Please see http://www.poissonboltzmann.org/pdb2pqr/release-history for the complete release history

Notable new features:

PDB2PKA as an alternative to PROPKA for calculating pH values used to protonate residues. This feature is EXPERIMENTAL. The libraries to make this feature available are included in the binary releases.
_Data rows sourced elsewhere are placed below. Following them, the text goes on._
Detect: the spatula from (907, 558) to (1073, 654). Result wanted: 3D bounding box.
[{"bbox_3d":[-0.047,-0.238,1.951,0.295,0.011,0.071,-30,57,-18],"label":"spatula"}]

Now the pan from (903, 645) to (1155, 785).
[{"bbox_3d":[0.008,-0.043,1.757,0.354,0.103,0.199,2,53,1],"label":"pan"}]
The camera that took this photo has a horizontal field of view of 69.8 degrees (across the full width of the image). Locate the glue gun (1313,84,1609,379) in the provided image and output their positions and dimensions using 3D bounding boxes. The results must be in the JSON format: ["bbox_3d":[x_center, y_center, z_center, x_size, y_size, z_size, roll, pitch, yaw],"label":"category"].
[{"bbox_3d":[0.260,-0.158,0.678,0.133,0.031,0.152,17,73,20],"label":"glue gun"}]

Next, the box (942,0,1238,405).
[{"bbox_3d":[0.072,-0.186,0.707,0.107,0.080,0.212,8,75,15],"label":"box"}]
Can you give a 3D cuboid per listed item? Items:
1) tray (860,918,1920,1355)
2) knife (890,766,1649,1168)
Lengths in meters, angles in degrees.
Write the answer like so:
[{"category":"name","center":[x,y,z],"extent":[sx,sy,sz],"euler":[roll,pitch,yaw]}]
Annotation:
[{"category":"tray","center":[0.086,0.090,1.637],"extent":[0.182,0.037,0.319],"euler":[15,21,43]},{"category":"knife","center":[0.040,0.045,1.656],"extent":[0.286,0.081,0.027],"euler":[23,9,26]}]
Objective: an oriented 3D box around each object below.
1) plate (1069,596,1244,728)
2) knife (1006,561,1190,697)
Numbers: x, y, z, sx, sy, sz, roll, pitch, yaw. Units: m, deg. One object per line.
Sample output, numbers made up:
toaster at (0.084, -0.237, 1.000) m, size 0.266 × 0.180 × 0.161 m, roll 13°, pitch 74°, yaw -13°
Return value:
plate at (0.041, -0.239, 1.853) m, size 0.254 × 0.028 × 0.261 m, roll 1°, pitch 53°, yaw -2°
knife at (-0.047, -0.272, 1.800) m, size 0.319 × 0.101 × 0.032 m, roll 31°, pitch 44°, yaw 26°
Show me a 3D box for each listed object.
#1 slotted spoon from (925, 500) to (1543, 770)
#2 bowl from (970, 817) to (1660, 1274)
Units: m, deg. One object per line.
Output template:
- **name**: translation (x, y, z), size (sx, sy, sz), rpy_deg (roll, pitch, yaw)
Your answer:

They are NOT included in the source code and are not compiled with the rest of PDB2PQR.

Improved web interface.

NEW FEATURES
- Improved look of web interface
- Option to automatically drop water from pdb file before processing.
- Integration of PDB2PKA into PDB2PQR as an alternative to PROPKA.
- Support for compiling with VS2008 in Windows.
- Option to build with debug headers.
- PDB2PKA now detects and reports non Henderson-Hasselbalch behavior.
- PDB2PKA can be instructed whether or not to start from scratch with --pdb2pka-resume
- Can now specify output directory for PDB2PKA.
- Improved error regarding backbone in some cases.
- Changed time format on querystatus page
- Improved error catching on web interface.

BUG FIXES
- Fixed executable name when creating binaries for Unix based operating systems.
- Fixed potential crash when using --clean with extensions.
- Fixed MAXATOMS display on server home page.
- PDB2PKA now mostly respects the --verbose setting.
- Fixed how hydrogens are added by PDB2PKA for state changes in some cases.
- Fixed psize error check.
- Will now build properly without ligand support if numpy is not installed.
- Removed old automake build files from all tests ported to scons.
- Fixed broken opal backend.

CHANGES
- Command line interface to PROPKA changed to accommodate PDB2PKA. PROPKA is now used with --ph-calc-method=propka. --with-ph now defaults to 7.0 and is only required if a different pH value is required.
- --ph-calc-method to select optional method to calculate pH values used to protonate titratable residues. Possible options are "propka" and "pdb2pka".
- Dropped support for compilation with mingw. Building on Windows now requires VS 2008 installed in the default location.
- Updated included Scons to 2.3.3
- PDB2PKA can now be run directly (not integrated in PDB2PQR) with pka.py. Arguments are `PDB file` and `Output directory`.
- No longer providing 32-bit binary builds. PDB2PKA support is too memory intensive to make this practical in many cases.

KNOWN BUGS
- If more than one extension is run from the command line and one of the extensions modifies the protein data structure it could affect the output of the other extension. The only included extensions that exhibit this problem are resinter and newresinter.
- Running ligands and PDB2PKA at the same time is not currently supported.
- PDB2PKA currently leaks memory slowly. Small jobs will use about twice the normally required RAM (ie ~14 titratable residues will use 140MB). Big jobs will use about 5 times the normally required RAM ( 60 titratable residues will use 480MB ). We are working to fix this.